Kelahiran Jaringan Islam Liberal baik secara sosiologis maupun ideologis,
pelopornya adalah para intelektual muda, baik dari kubu tradisionalis, maupun dari kubu
modernis. Akar Liberalisme dikalangan tradisionalis terletak pada penghargaan terhadap
tradisi/ budaya lokal, sedangkan adanya Modernisme akarnya terbentuk melalui interaksi
intensif dengan Rasionalisme. Tokoh dari kalangan tradisionalis misalnya Ulil Abshar
Abdalla dan Luthfie Assyaukani, dari kalangan modernis ada Syaiful Muzani dan Hamid
Basyaib.
Dalam website resmi JIL yaitu www.islamlib.com menyebutkan bahwa kelahiran
JIL dilatari karena, banyaknya gerakan Islam yang bersifat Militan dan Islam
Fundamentalis. Dan kelahiran JIL disini bermaksud untuk menghambat dari adanya
gerakan Islam Militan maupun Islam Fundamentalis.
D. Dampak Liberalisasi Agama Islam
Liberalisasi pemikiran Islam melalui program westernisasi dan globalisasi dalam
beberapa program diatas, memberikan dampak yang sangat besar terhadap kehidupan
sosial ummat Islam. Dalam bukunya Islam versus the West, Maryam Jameela, seorang
keturunan Yahudi Amerika yang sebelum memeluk Islam bernama Margareth Marcus,
memaparkan bahwa antara Islam dan Barat terdapat perbedaan yang fundamental.
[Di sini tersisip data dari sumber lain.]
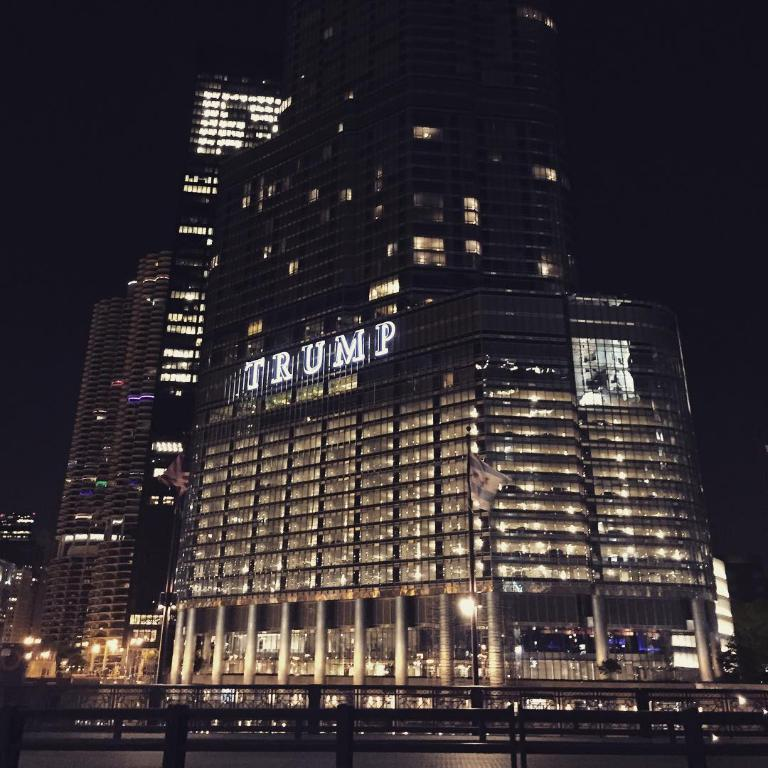What type of structure is visible in the image? There is a building in the image. What features can be observed on the building? The building has windows, lights, and pillars. What is attached to a pole in the image? There is a flag on a pole in the image. What type of barrier is present in the image? There is a fence in the image. How many clocks are visible on the building in the image? There is no mention of clocks in the image; the building has windows, lights, and pillars, but no clocks are described.

Sehingga, menurutnya, tindakan imitatif atau penjiplakan terhadap pandangan hidup
Barat yang berbasiskan materialisme, pragmatisme, dan filsafat sekuler, akan berujung
pada pemusnahan Islam.
Dalam bidang syari'ah, liberalisasi Islam akan berdampak pada relativitas hukum-
hukum syari'at yang telah pasti dan absolute. Bagi mereka hukum-hukum Islam tersebut
perlu untuk ditinjau kembali dan disesuaikan dengan konteks perkembangan zaman.
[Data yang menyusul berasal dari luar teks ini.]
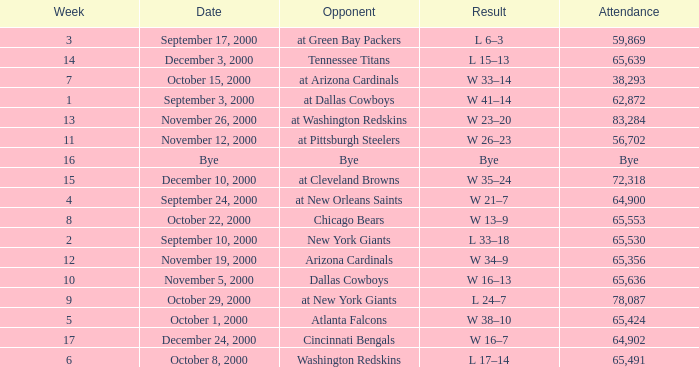What was the attendance when the Cincinnati Bengals were the opponents? 64902.0.

Karena zaman sekarang dunia dikuasai oleh pradaban Barat yang berpahamkan paham-
paham sekuler dan liberal, maka secara otomatis Islam harus mengikuti nilai-nilai liberal
tersebut, meskipun nilai-nilai tersebut tidak sesuai dengan pandangan agama. Akhirnya
kebenaran mendasar dari agama dipandang hanya sebagai teori-teori, atau dibuangnya
sebagai ilusi yang sia-sia. Nilai absolut ditolak dan nilai relatif diafirmasi; tidak ada yang
pasti, kecuali kepastian bahwa tidak ada yang pasti.
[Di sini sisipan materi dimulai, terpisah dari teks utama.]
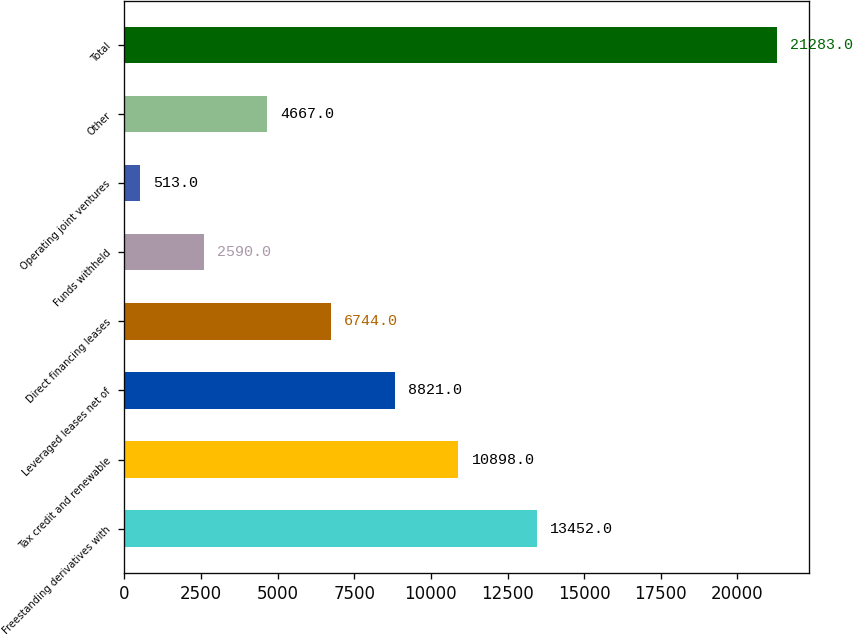Convert chart to OTSL. <chart><loc_0><loc_0><loc_500><loc_500><bar_chart><fcel>Freestanding derivatives with<fcel>Tax credit and renewable<fcel>Leveraged leases net of<fcel>Direct financing leases<fcel>Funds withheld<fcel>Operating joint ventures<fcel>Other<fcel>Total<nl><fcel>13452<fcel>10898<fcel>8821<fcel>6744<fcel>2590<fcel>513<fcel>4667<fcel>21283<nl></chart> 
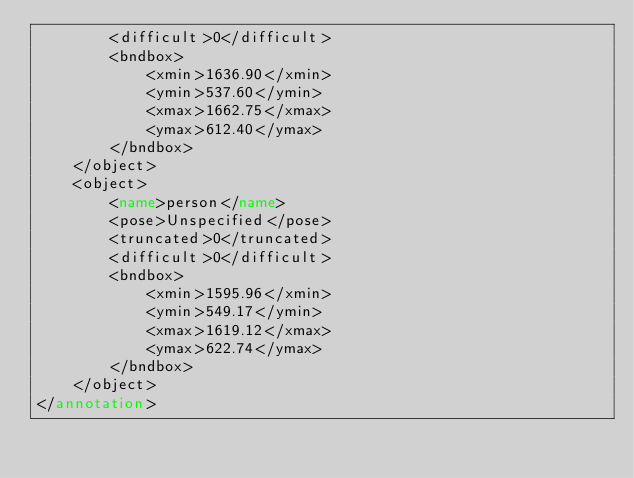Convert code to text. <code><loc_0><loc_0><loc_500><loc_500><_XML_>		<difficult>0</difficult>
		<bndbox>
			<xmin>1636.90</xmin>
			<ymin>537.60</ymin>
			<xmax>1662.75</xmax>
			<ymax>612.40</ymax>
		</bndbox>
	</object>
	<object>
		<name>person</name>
		<pose>Unspecified</pose>
		<truncated>0</truncated>
		<difficult>0</difficult>
		<bndbox>
			<xmin>1595.96</xmin>
			<ymin>549.17</ymin>
			<xmax>1619.12</xmax>
			<ymax>622.74</ymax>
		</bndbox>
	</object>
</annotation>
</code>

Relativitas nilai inilah yang kemudian banyak memberikan dampak negatif bagi
kehidupan sosial masyarakat. Baik bagi seluruh masyarakat dunia umumnya, maupun
umat Islam secara khusus. Agama Kristen dan yahudi yang berada di Barat secara
otomatis telah lebih dahulu diliberalkan, sehingga mengakibatkan pemisahan agama dari
publik, dan tambah menjauhkan penganutnya dari agama. Agama akhirnya
dimarginalkan dan menjadi masalah privat. Kini wacana liberalisasi pemikiran tersebut
ingin digulingkan kepada agama Islam.
Dari dampak diatas maka dalam ranah politik pun akan memberi dampak. Bahwa
agama yang dipisah dari politik, maka tidak ada acuan khusus untuk membentuk
perpolitikan ke arah yang baik. Sehingga politik akan bebas. Banyaknya kecurangan
dalam politik, menyelesaikan permasalahan dengan seenaknya, hukum-hukum yang tidak
seimbang, tidak meratanya ekonomi negara, dan banyak kekurangan-kekurangan lainnya.